When a ResvErr message for an Admission Control failure is
received, its flowspec Qe is used to create or refresh an element
of local blockade state. Each element of blockade state consists
of a blockade flowspec Qb taken from the flowspec of the ResvErr
message, and an associated blockade timer Tb. When a blockade
timer expires, the corresponding blockade state is deleted.
The granularity of blockade state depends upon the style of the
ResvErr message that created it. For an explicit style, there may
be a blockade state element (Qb(S),Tb(S)) for each sender S. For
a wildcard style, blockade state is per previous hop P.
An element of blockade state with flowspec Qb is said to
"blockade" a reservation with flowspec Qi if Qb is not (strictly)

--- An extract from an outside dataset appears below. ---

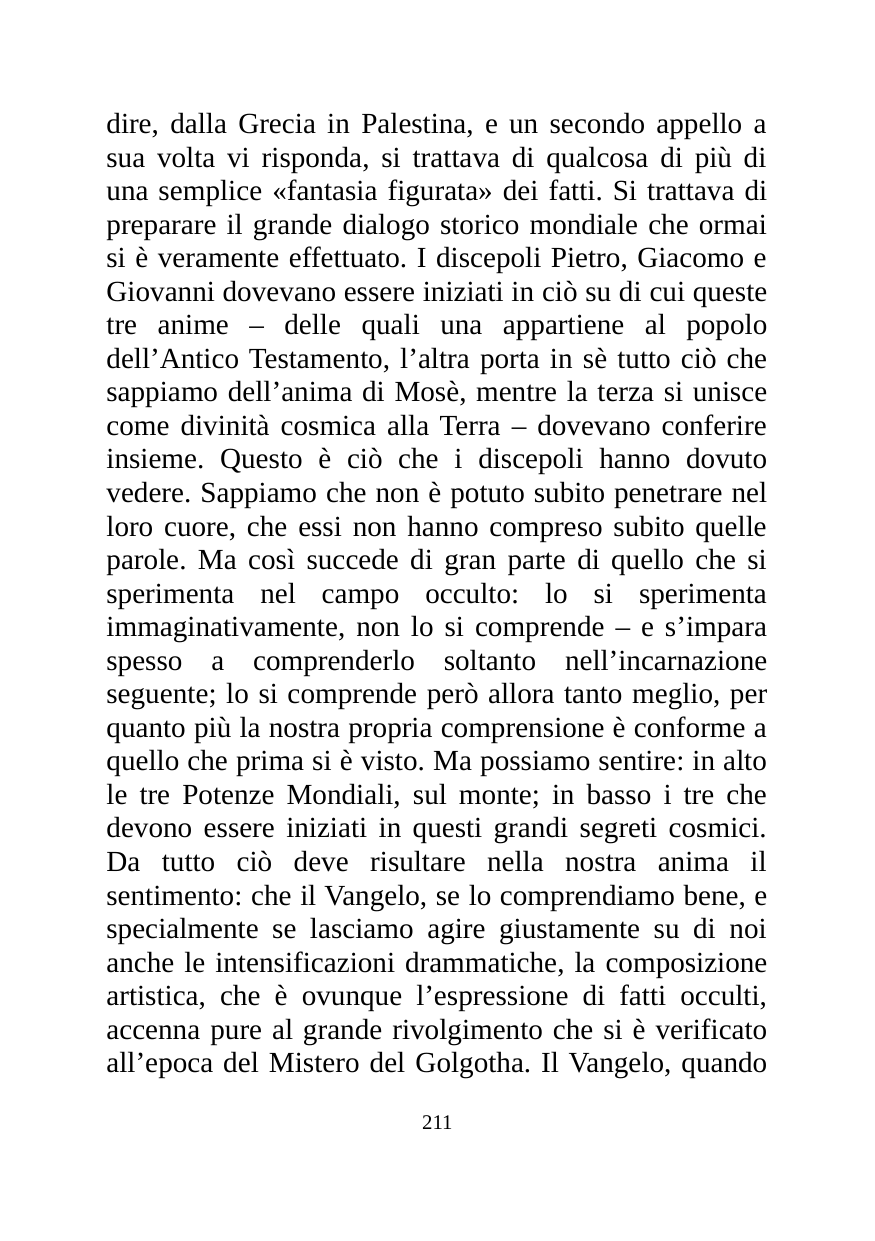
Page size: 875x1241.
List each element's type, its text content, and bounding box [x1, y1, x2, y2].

text dire, dalla Grecia in Palestina, e un secondo appello a sua volta vi risponda, si trattava di qualcosa di più di una semplice «fantasia figurata» dei fatti. Si trattava di preparare il grande dialogo storico mondiale che ormai si è veramente effettuato. I discepoli Pietro, Giacomo e Giovanni dovevano essere iniziati in ciò su di cui queste tre anime – delle quali una appartiene al popolo dell’Antico Testamento, l’altra porta in sè tutto ciò che sappiamo dell’anima di Mosè, mentre la terza si unisce come divinità cosmica alla Terra – dovevano conferire insieme. Questo è ciò che i discepoli hanno dovuto vedere. Sappiamo che non è potuto subito penetrare nel loro cuore, che essi non hanno compreso subito quelle parole. Ma così succede di gran parte di quello che si sperimenta nel campo occulto: lo si sperimenta immaginativamente, non lo si comprende – e s’impara spesso a comprenderlo soltanto nell’incarnazione seguente; lo si comprende però allora tanto meglio, per quanto più la nostra propria comprensione è conforme a quello che prima si è visto. Ma possiamo sentire: in alto le tre Potenze Mondiali, sul monte; in basso i tre che devono essere iniziati in questi grandi segreti cosmici. Da tutto ciò deve risultare nella nostra anima il sentimento: che il Vangelo, se lo comprendiamo bene, e specialmente se lasciamo agire giustamente su di noi anche le intensificazioni drammatiche, la composizione artistica, che è ovunque l’espressione di fatti occulti, accenna pure al grande rivolgimento che si è verificato all’epoca del Mistero del Golgotha. Il Vangelo, quando [106, 106, 768, 1079]

greater than Qi. For example, suppose that the LUB of two
flowspecs is computed by taking the max of each of their
corresponding components. Then Qb blockades Qi if for some
component j, Qb[j] <= Qi[j].
Suppose that a node receives a ResvErr message from previous hop P
(or, if style is explicit, sender S) as the result of an Admission
Control failure upstream. Then:
- An element of blockade state is created for P (or S) if it
did not exist.
- Qb(P) (or Qb(S)) is set equal to the flowspec Qe from the
ResvErr message.
- A corresponding blockade timer Tb(P) (or Tb(S)) is started or
restarted for a time Kb*R. Here Kb is a fixed multiplier and
R is the refresh interval for reservation state. Kb should
be configurable.
- If there is some local reservation state that is not
blockaded (see below), an immediate reservation refresh for P
(or S) is generated.
- The ResvErr message is forwarded to next hops in the
following way. If the InPlace bit is off, the ResvErr
message is forwarded to all next hops for which there is
reservation state. If the InPlace bit is on, the ResvErr
message is forwarded only to the next hops whose Qi is
blockaded by Qb.
Finally, we present the modified rule for merging flowspecs to
create a reservation refresh message.
- If there are any local reservation requests Qi that are not
blockaded, these are merged by computing their LUB. The
blockaded reservations are ignored; this allows forwarding of
a smaller reservation that has not failed and may perhaps
succeed, after a larger reservation fails.
- Otherwise (all local requests Qi are blockaded), they are
merged by taking the GLB (Greatest Lower Bound) of the Qi's.
(The use of some definition of "minimum" improves performance
by bracketing the failure level between the largest that
succeeds and the smallest that fails. The choice of GLB in
particular was made because it is simple to define and
implement, and no reason is known for using a different
definition of "minimum" here).
This refresh merging algorithm is applied separately to each flow
(each sender or PHOP) contributing to a shared reservation (WF or
SE style).
Figure 12 shows an example of the the application of blockade
state for a shared reservation (WF style). There are two previous
hops labeled (a) and (b), and two next hops labeled (c) and (d).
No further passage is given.